Incomplete thoughts

Aug 03, 2012 13:48


I've had a bunch of thoughts rattling around in my brain for a while now -wanted to get them out on "paper" to start making sense of them.  This entry doesn't necessarily come to a full-stop at the end, nor is every point fully fleshed out.  I would welcome your thoughts, if you have any.

I’ve been struggling a lot in light of the recent additional publicity towards marriage rights.  On one hand, I am deeply, deeply bothered by the people on both sides of the issue who do not know how to articulate themselves with charity.  Note, charity does not mean acceptance, but courtesy and respect for fellow persons.

On the other hand, I am very bothered by my own inability to come up with the “right thing” to say.  I know how to express the Church view on marriage and sex (can’t really talk about one without the other).  But what I don’t know is how to express a compassionate, compelling argument for the non-Catholic, perhaps non-Christian audience.  I almost feel cowed into silence because I fear people will call me a hater.  Couldn’t be further from the truth, but I internalize debates and take things personally.  Therefore, I’ve said nothing recently.

I think the marriage rights movement to a certain degree transcends political lines.  Almost everyone nowadays has at least one homosexual acquaintance.  And almost anyone can get pulled in on an emotional level - why can’t they have what I have?  Why can’t two people in love get married?  It’s their right!

That’s a large part of this issue - marriage is NOT a right.  No individual, no couple, has the right to get married.

Based on divorce rates and on the number of couples cohabitating today, it seems that America is loudly crying for the end of marriage.  Marriage, to a growing number of Americans, is an archaic construct.  It’s very peculiar to me that the groups often advocating most verbally for homosexual marriage rights are the same groups who proclaim that marriage is old-fashioned and has no meaning/no place in today’s society.  Isn’t this a glaring dichotomy?

Is this merely an example of rebellion?  Let’s say I give up sweets for Lent.  I don’t eat a whole bunch anyway, but all the sudden, since I am being denied something, I want it more.  My body is rebelling against the mandates I’ve placed upon it.  The primary reason I want the dessert is because I have denied myself the opportunity.  I hear “no” so my stomach protests more strongly “it’ll make you feel good!”  I know the typical societal reaction is to not deny oneself anything.  Yet I know if I cave over such a small thing as sweets in Lent, then I will not necessarily remain steadfast in the face of a more important time of self-control.

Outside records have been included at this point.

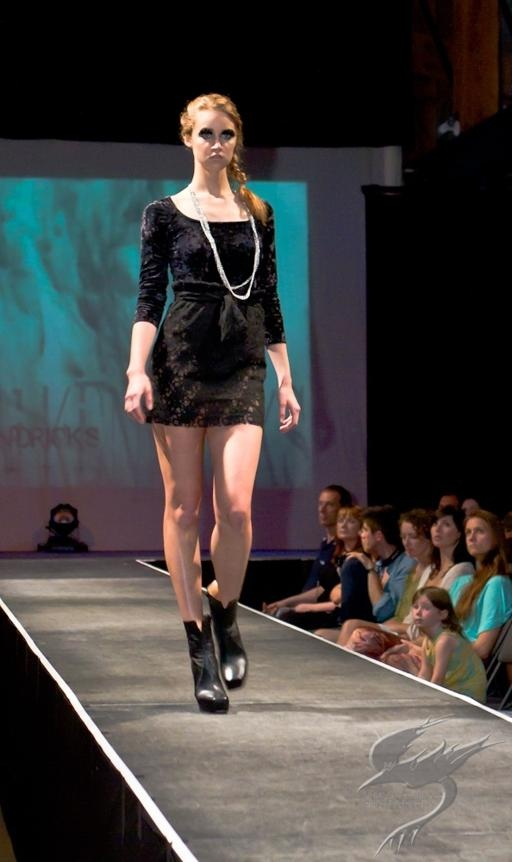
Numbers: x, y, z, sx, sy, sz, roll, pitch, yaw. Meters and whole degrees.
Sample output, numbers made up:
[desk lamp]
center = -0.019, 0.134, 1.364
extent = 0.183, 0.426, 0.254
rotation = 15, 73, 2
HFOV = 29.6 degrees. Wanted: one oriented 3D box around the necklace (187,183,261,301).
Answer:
[necklace]
center = -0.053, -0.372, 1.959
extent = 0.048, 0.224, 0.137
rotation = -13, 3, 40

I guess that’s part of the issue.  Marriage isn’t about just what I want or what will make me feel good.  Marriage isn’t all about me and how I feel.  It is about sacrifice and the death of my selfish side, especially once children are introduced into the picture.  As long as marriage is about what I want or what makes me feel good, it’s not going to work.  Let’s face it, marriage is hard work.  If we have never experienced sacrifice, never chosen self-discipline, why would one want to take on marriage where one is daily called to die to one’s own needs for the goods of another?